Note that unportable code is not only a problem when you finally upgrade from
your 8080 system to a Laptop Cray; it can cause you grief the next time you
get a compiler upgrade (hahahahahahahahahahahaha) or even using the same
compiler, if it is an aggresive optimizer which prizes speed of code over
consistency in undefined cases.

>while I'm at it, how do you get the offset of an element of a structure
>the ANSI way?

Using the offsetof() macro.  Please go buy and read an ANSI C manual.

"I'm having troubles with an Ada program; I don't actually have an Ada manual,
nor have I ever seen one, so I just typed in the following BASIC program, and
I don't understand why it doesn't work:"

peter@ficc.ferranti.com (Peter da Silva) (06/29/91)

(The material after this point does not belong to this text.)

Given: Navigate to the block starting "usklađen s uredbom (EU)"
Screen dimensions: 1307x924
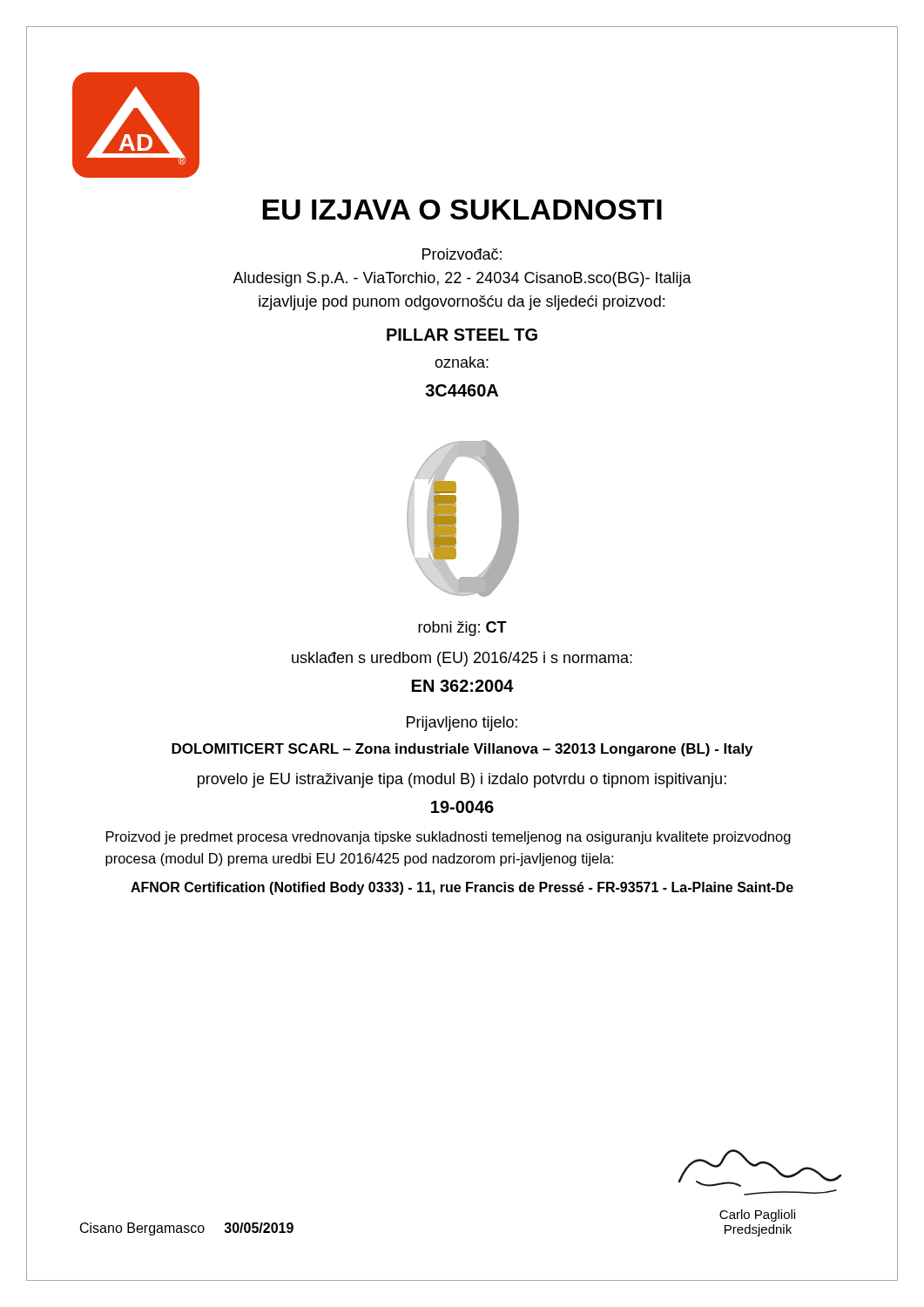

In article <m0jspJY-0001ieC@shiva.reed.edu> minar@reed.edu writes:
> I'm writing some code right now that needs to extract information from a
> buffer that contains various types in it.

> Lets say that there's a chunk of memory that
> I *know* first contains a char, then an unsigned. I want to get these values.

Option 1: define a structure for the buffer. This will automatically handle
alignment requirements and the like.

Option 2: If the buffer is packed, or imported, you will have to step
through it byte by byte:

	char *bufp;
	unsigned u;
	char c;

	bufp = buffer;

	c = *bufp++;
	u = *bufp++ << bitsperchar;
	u |= *bufp++;

Or, if the buffer is little-endian:

	c = *bufp++;
	u = *bufo++;
	u |= *bufp++ << bitsperchar;

> this is nonportable, as to my understanding, as struct arrangements are not
> guaranteed.

No, that's portable. Structs are guaranteed to be in increasing order. Padding
is undefined, as is byte order within a word.

> while I'm at it, how do you get the offset of an element of a structure
> the ANSI way?

Use the offsetof() macro.
-- 
Peter da Silva; Ferranti International Controls Corporation; +1 713 274 5180;
Sugar Land, TX  77487-5012;         `-_-' "Have you hugged your wolf, today?"